Hashim Sarkis : entre ciel et terre

© Wissam Chaaya

La théorie et la pratique de l’architecture sont à la fois interdépendantes et distinctes. Alors que le flux logique est d’aller de la théorie à la pratique, il existe d’importantes instances où la pratique mène à la théorie. L’une des meilleures manifestations de la relation complexe entre elles se trouve dans la biographie de Hashim Sarkis.

L’éminent académicien et talentueux professionnel est diplômé de l’École de design de Rhode Island pour ses études de premier cycle et détient une maîtrise en architecture et un doctorat de Harvard. Il a enseigné l’architecture dans ces deux écoles. En 1998, il a fondé Hashim Sarkis Studios. Depuis 2015, il est professeur et doyen de l’École d’architecture et de planification du Massachusetts Institute of Technology.

Il existe un dialogue vivace entre le travail et la pensée de Hashim Sarkis. La dialectique entre eux se manifeste à travers de nombreux exemples. Sa première apparition théorique est celle des publications dans le quotidien An-Nahar où il s’est lancé dans l’écriture dans le but de relier les gens à l’architecture. Parallèlement, il travaillait sur sa thèse, explorant l’intersection entre la démocratie et l’architecture et examinant le rôle de l’architecture dans la société. Son premier travail pratique a été le Logement des pêcheurs, un projet qui mérite d’être observé en termes de sa réflexion sur la démocratie et l’égalité entre les unités à travers l’architecture.

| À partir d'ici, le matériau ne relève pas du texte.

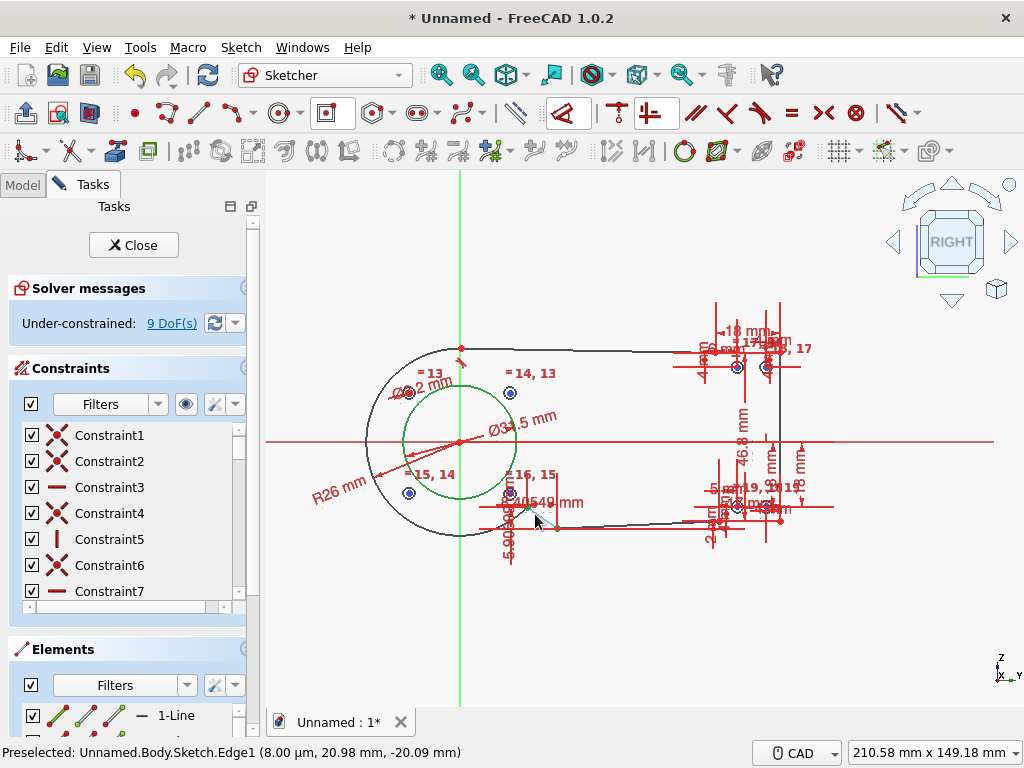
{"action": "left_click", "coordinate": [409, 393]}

À cette époque, Beyrouth était en pleine reconstruction, et il était intrigué par la façon dont ce processus pouvait servir de pont entre l’architecture et la société. Ainsi, il a coédité, en 1999, un chapitre du livre Projeter Beyrouth. Épisodes de la construction et de la reconstruction d’une ville moderne, aux côtés de Jad Tabet et d’autres. Le livre explorait l’intervention gouvernementale à Beyrouth à la fin des années 1950 et dans les années 1960, ainsi que l’implication croissante du secteur privé dans la planification et la reconstruction après la guerre civile. Il a également édité une série de livres axés sur les villes historiques et la vie contemporaine dans le cadre du Programme Aga Khan de la Graduate School of Design, décrivant, en plus de Beyrouth, des villes et des lieux comme la place Sirkeci, Istanbul, Ankara, Izmir et Fès.

Hashim Sarkis s’est ensuite intéressé aux théories de la mondialisation et du climat. Le Monde comme projet architectural incarne cette perspective. Il explore comment les architectes ont envisagé l’avenir de la planète à travers des projets à l’échelle mondiale depuis plus d’un siècle, précédant le mondialisme contemporain et ses angoisses associées. Co-Habitats… Comment vivons-nous ensemble est étroitement lié au rôle de l’architecture dans la société, abordant le changement climatique et la nécessité de réfléchir à la vie avec d’autres espèces. Le projet des Tours de la Cour d’Amchit sert d’exemple de la manière de relever les défis posés par le climat sévère  ; la maison dispose d’une cour conçue pour se protéger contre les conditions météorologiques difficiles, tandis que sa tour sert de cheminée de ventilation.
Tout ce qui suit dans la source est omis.